YOUR GOAL: Reproduce, exactly and in full, only the lines below from the one containing "Document page, 1241x1754 pixels." through the one containing "List each element's".

PROVIDED ENTRIES:
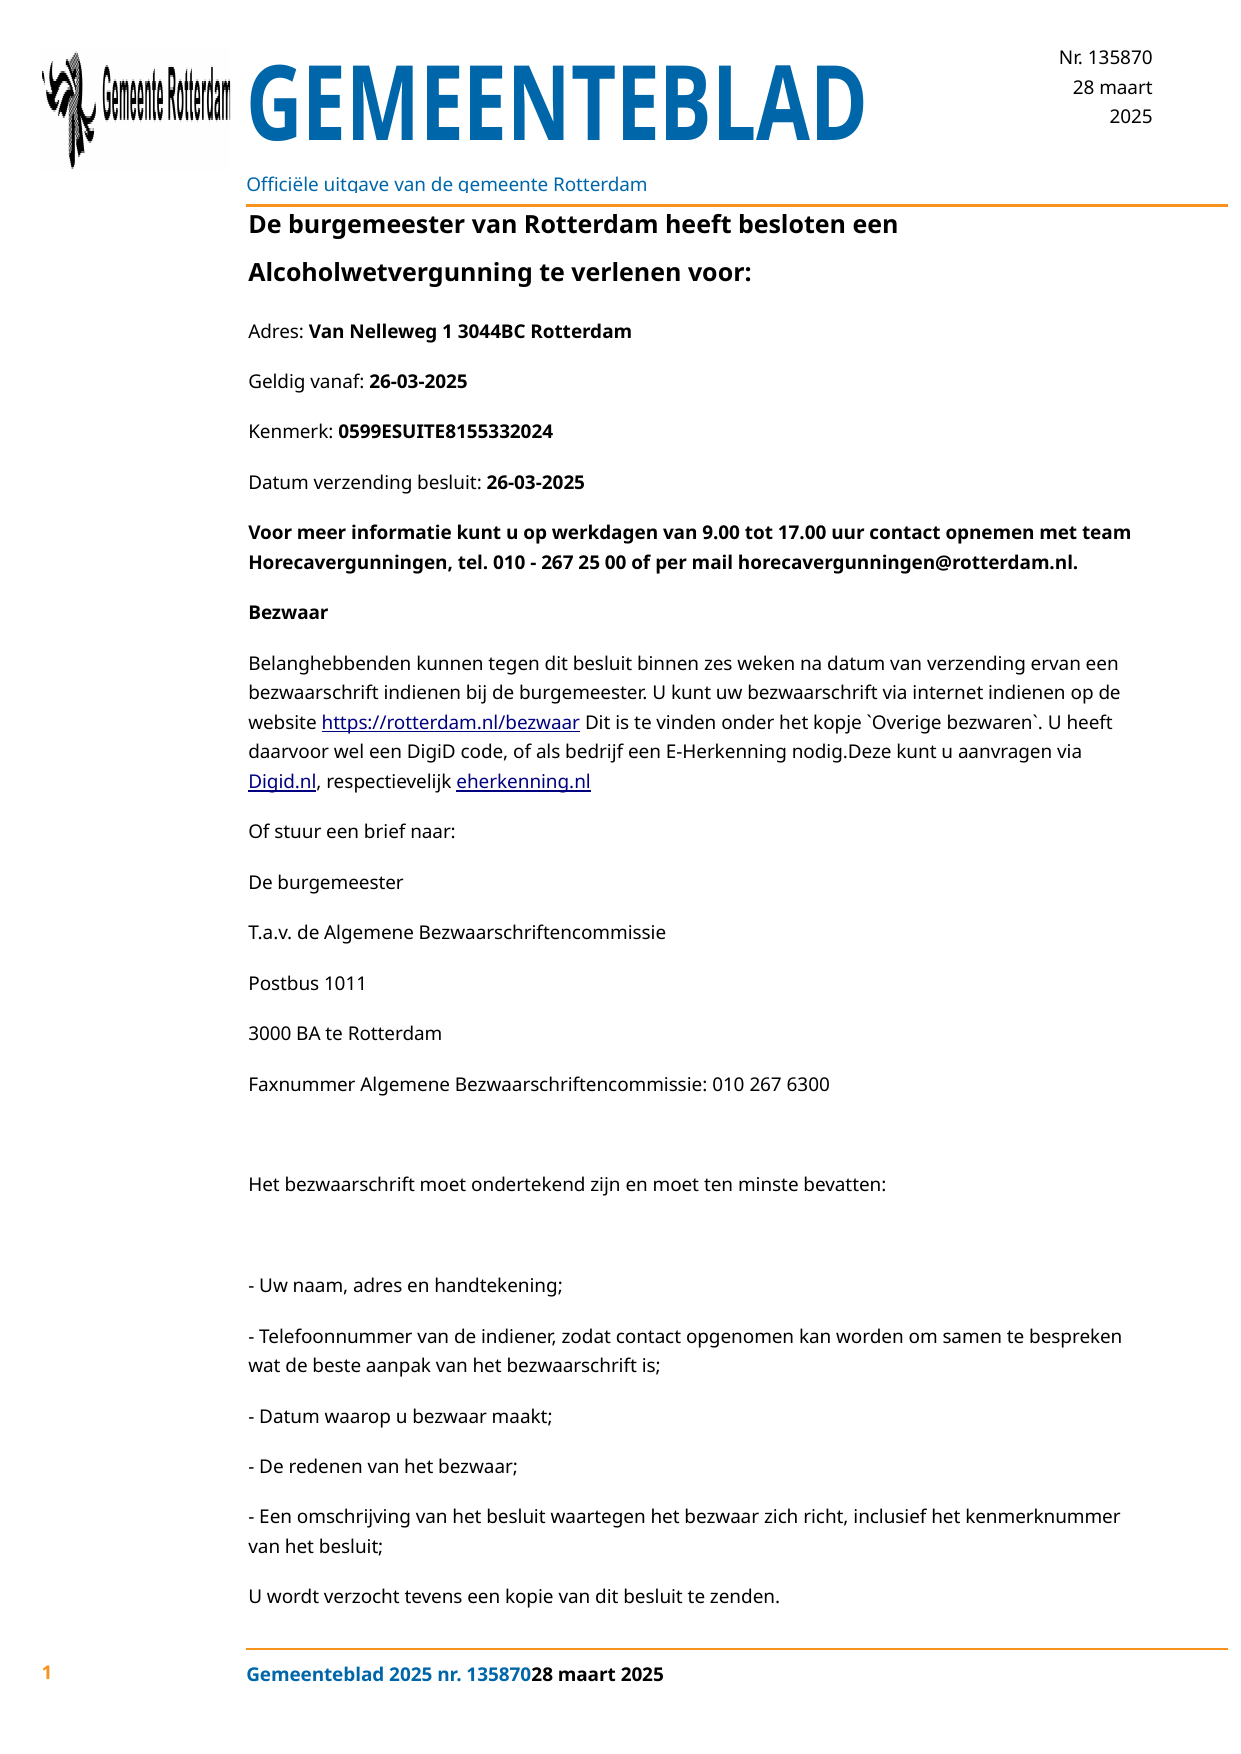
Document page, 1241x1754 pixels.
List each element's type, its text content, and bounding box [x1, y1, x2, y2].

==

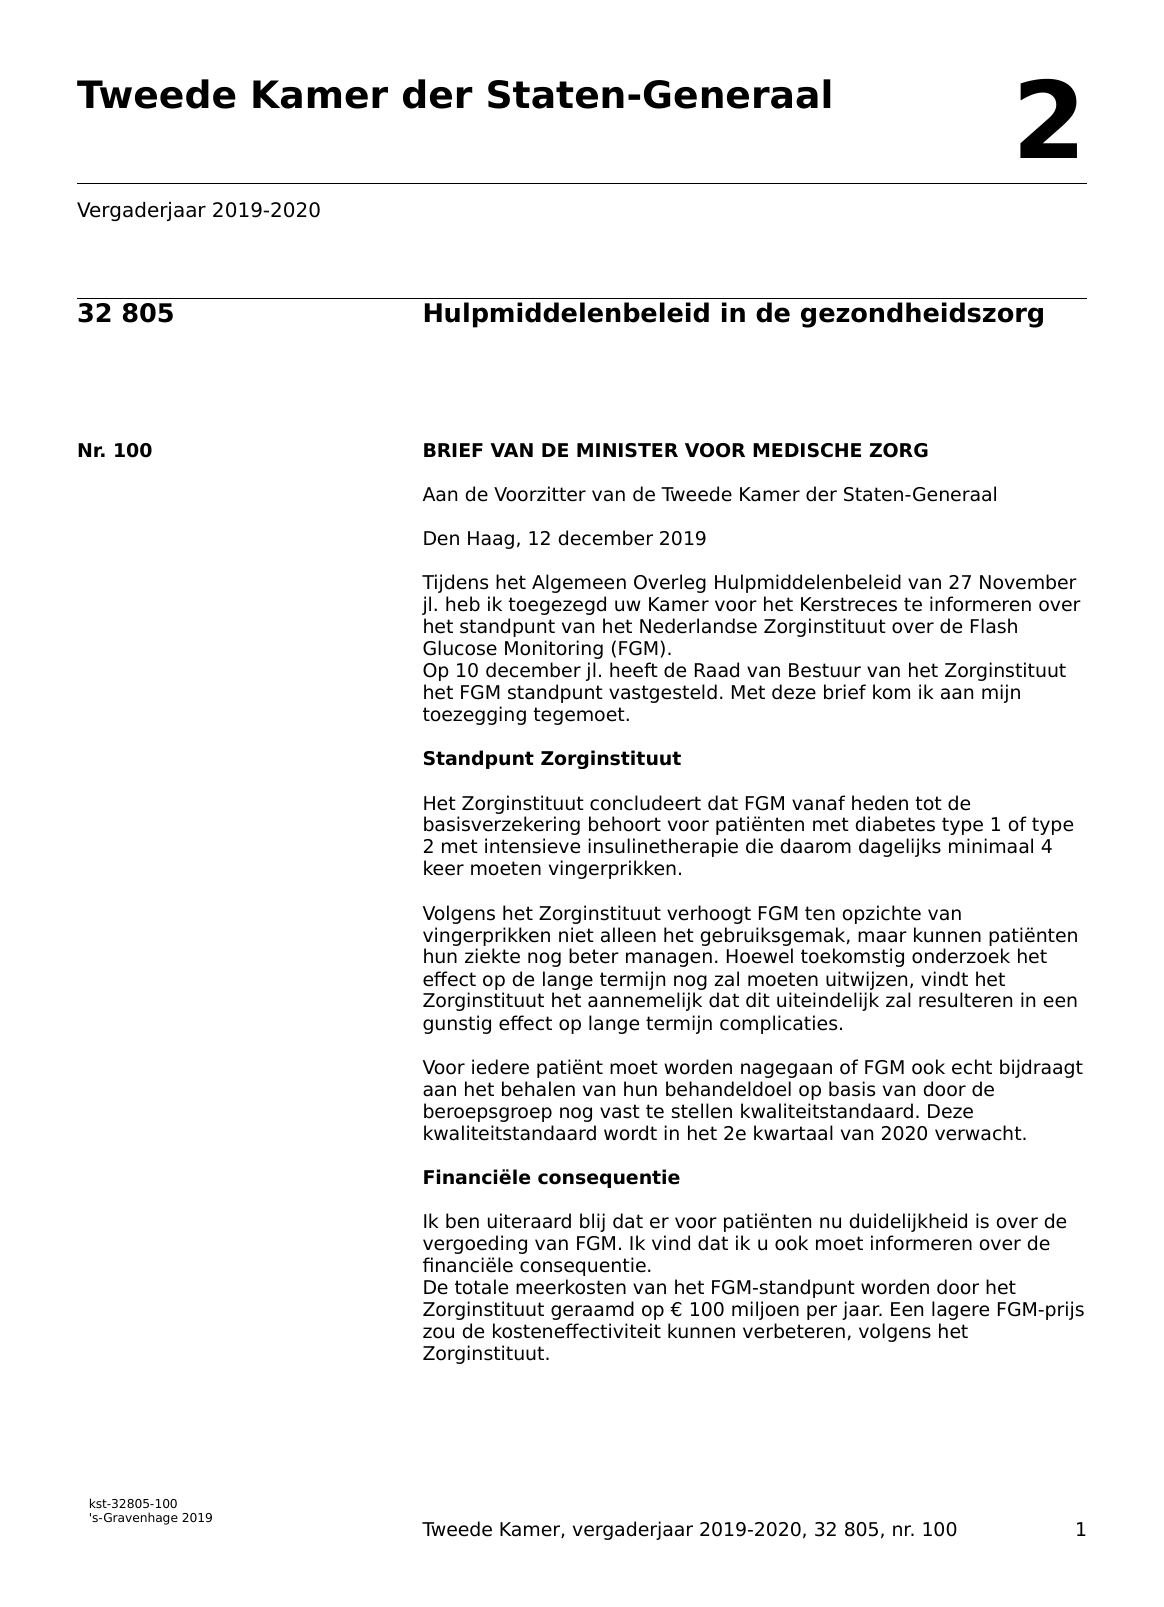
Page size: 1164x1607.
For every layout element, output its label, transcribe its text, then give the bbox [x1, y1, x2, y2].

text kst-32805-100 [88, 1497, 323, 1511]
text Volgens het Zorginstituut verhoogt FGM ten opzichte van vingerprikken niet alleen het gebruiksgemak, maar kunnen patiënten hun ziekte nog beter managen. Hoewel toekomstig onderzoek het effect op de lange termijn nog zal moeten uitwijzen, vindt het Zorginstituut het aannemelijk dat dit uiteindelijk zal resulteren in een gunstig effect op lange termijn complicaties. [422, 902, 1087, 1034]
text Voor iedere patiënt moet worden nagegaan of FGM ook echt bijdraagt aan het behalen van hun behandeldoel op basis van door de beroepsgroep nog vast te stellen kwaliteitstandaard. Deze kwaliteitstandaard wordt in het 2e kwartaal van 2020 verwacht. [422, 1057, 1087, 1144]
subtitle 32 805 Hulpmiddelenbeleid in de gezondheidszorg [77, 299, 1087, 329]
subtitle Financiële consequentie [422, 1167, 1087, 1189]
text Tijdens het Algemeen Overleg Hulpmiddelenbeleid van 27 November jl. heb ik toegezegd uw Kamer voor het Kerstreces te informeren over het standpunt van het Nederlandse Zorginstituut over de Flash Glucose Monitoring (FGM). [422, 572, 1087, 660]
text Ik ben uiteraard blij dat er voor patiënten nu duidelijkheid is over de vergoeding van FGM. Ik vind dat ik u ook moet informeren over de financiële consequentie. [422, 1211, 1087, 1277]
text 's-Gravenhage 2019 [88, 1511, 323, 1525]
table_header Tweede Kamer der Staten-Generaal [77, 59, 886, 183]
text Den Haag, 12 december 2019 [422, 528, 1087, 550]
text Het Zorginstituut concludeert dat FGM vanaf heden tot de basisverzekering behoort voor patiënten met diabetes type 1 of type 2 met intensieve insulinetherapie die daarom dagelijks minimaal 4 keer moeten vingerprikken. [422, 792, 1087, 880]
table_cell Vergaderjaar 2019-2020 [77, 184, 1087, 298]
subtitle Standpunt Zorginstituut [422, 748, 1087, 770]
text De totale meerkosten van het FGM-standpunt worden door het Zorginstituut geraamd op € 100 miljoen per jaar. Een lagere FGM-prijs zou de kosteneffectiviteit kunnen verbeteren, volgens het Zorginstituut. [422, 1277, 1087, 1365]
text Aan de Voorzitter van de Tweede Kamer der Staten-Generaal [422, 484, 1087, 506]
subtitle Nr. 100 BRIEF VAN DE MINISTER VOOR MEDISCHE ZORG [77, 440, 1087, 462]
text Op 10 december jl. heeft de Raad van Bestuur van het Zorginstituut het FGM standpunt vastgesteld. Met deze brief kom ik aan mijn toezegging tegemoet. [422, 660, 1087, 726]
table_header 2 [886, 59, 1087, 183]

TASK ANSWER:
Document page, 1241x1754 pixels.
List each element's type, its text content, and bounding box [x1, y1, x2, y2].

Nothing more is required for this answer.